Your mileage obviously varies.

While he's out to lunch on blink, and almost all the rules he's ever supplied, in 3.5 sneak attacking with a flask was possible.

That said melee rogues are far more viable, and if you are going to do a ranged rogue I'd go with tiny hut as a backup to greater invis.

-James


james maissen wrote:


While he's out to lunch on blink, and almost all the rules he's ever supplied, in 3.5 sneak attacking with a flask was possible.

Yeah, I'm aware that the 3.5 FAQ clarified that it should work -- I've just never actually met a person who had played in a game where it was allowed, despite that -- even in organized play.
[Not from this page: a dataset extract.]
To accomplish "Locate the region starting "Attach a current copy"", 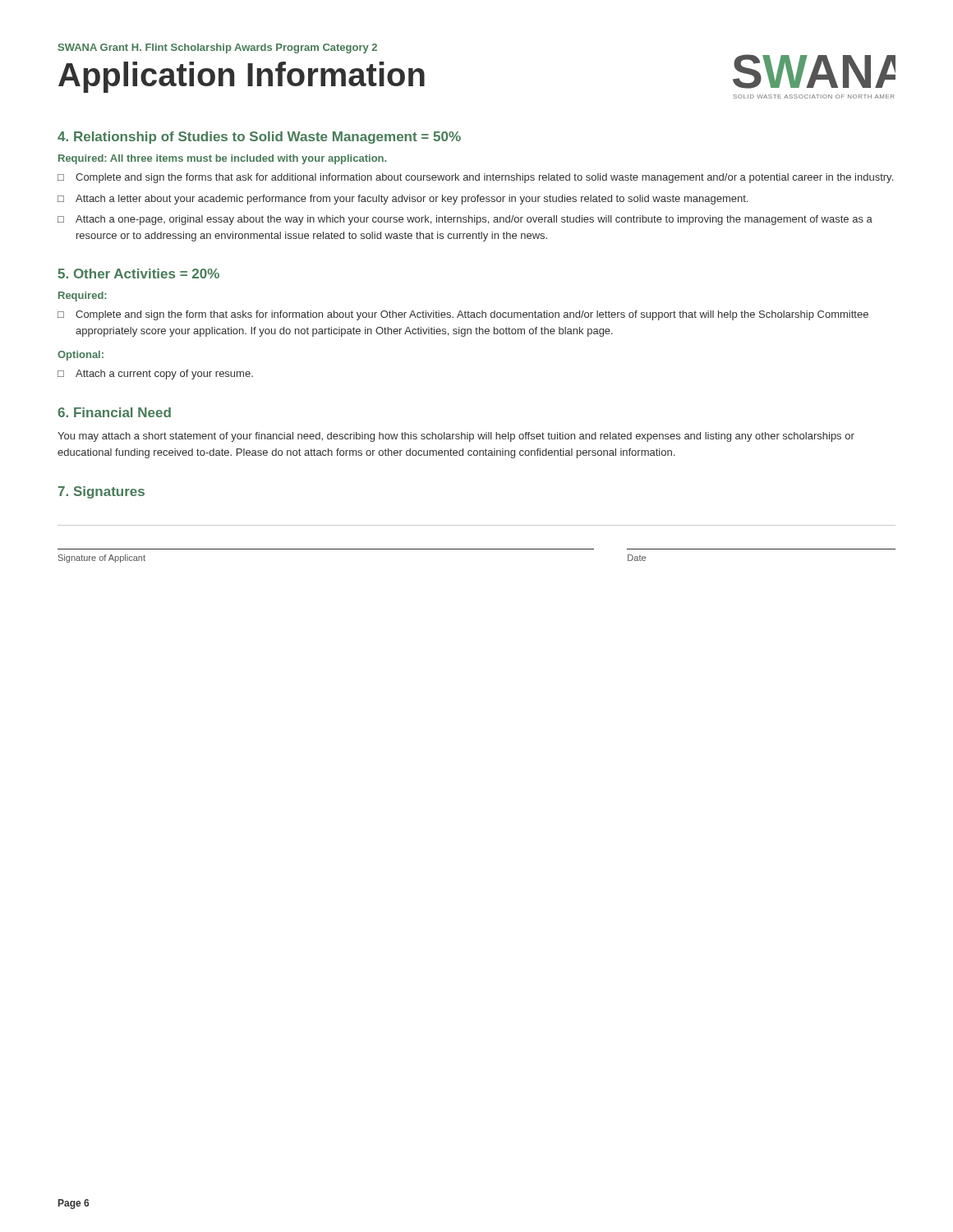I will 165,373.

If that wasn't the most common 3.5 "houserule" I'm not sure what could beat it.


Dire Mongoose wrote:
If that wasn't the most common 3.5 "houserule" I'm not sure what could beat it.
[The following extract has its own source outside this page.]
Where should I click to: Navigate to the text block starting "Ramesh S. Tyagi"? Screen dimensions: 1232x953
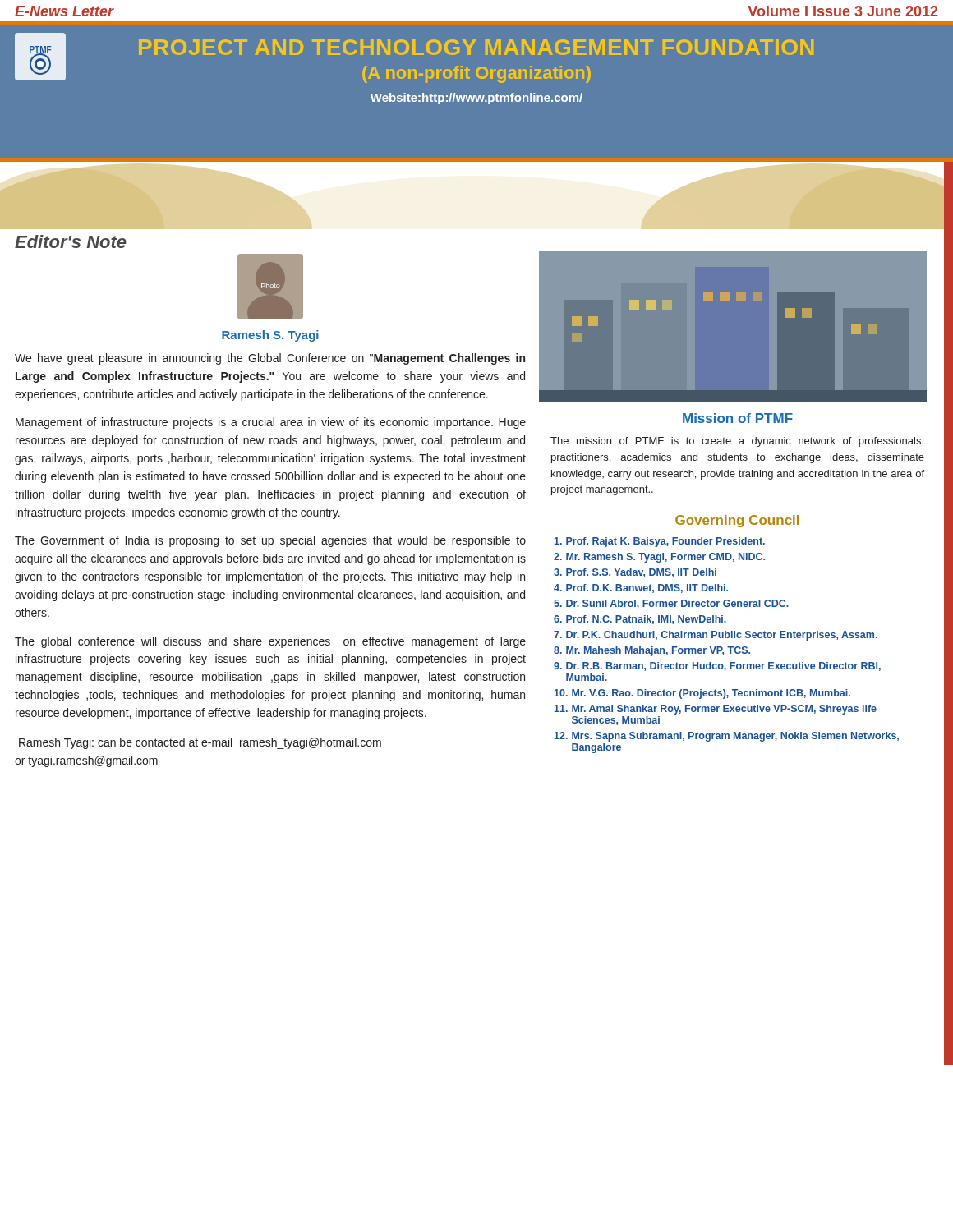coord(270,335)

Using fractional BABs/Saves for multiclass characters?

Actually I never encountered the house rule disallowing alchemicals used for sneak attacks, but such things have an organic regional structure to them.

Curious, where are you from? And if it was organized play, why would house rules trump the FAQ?

-James


Dire Mongoose wrote:
Mistah Green wrote:


Blink doesn't give a miss chance with flasks.

Based on what? If you blink out, you blink out.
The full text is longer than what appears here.